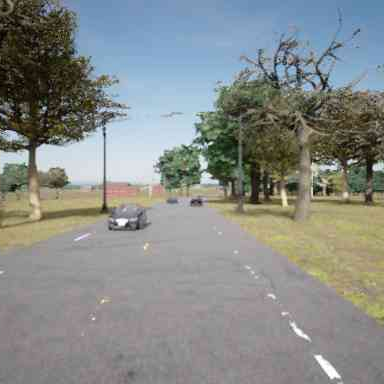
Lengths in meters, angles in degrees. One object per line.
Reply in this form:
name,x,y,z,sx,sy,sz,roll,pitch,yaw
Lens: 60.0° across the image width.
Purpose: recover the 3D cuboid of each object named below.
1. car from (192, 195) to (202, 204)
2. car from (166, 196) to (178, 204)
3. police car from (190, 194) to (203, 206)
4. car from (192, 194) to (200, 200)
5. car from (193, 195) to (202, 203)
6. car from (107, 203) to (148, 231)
car,0.970,1.373,62.498,1.882,1.535,5.008,0,0,2
car,-3.622,1.460,61.835,1.994,1.385,4.181,0,0,2
police car,0.702,1.355,52.649,1.930,1.638,5.238,0,0,1
car,1.052,1.188,85.343,1.812,1.442,4.674,0,0,4
car,1.198,1.378,68.471,1.837,1.490,4.892,0,0,2
car,-3.881,1.486,20.593,2.128,1.511,4.902,0,0,-1
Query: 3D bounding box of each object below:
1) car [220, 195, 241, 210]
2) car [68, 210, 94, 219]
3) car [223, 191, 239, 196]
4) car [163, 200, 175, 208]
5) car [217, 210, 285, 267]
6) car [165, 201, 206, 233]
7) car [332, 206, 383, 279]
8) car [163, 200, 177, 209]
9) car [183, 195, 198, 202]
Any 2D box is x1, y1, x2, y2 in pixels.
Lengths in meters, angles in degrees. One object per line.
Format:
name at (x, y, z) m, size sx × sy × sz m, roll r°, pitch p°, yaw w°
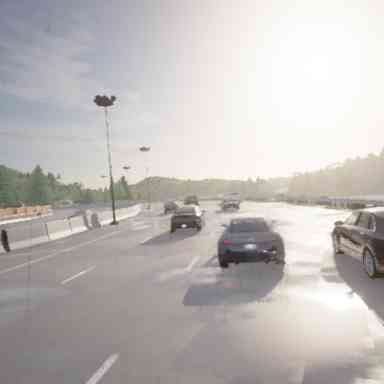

★ ★ ★ ★ ★

TASK GOAL:
Your task is to restate word for word the lines from the line holding "6) car [165, 201, 206, 233]" through the final line of the listing, both included, but none of the pictures.

RESULT OF THE TASK:
6) car [165, 201, 206, 233]
7) car [332, 206, 383, 279]
8) car [163, 200, 177, 209]
9) car [183, 195, 198, 202]
Any 2D box is x1, y1, x2, y2 in pixels.
Lengths in meters, angles in degrees. One object per line.
Format:
name at (x, y, z) m, size sx × sy × sz m, roll r°, pitch p°, yaw w°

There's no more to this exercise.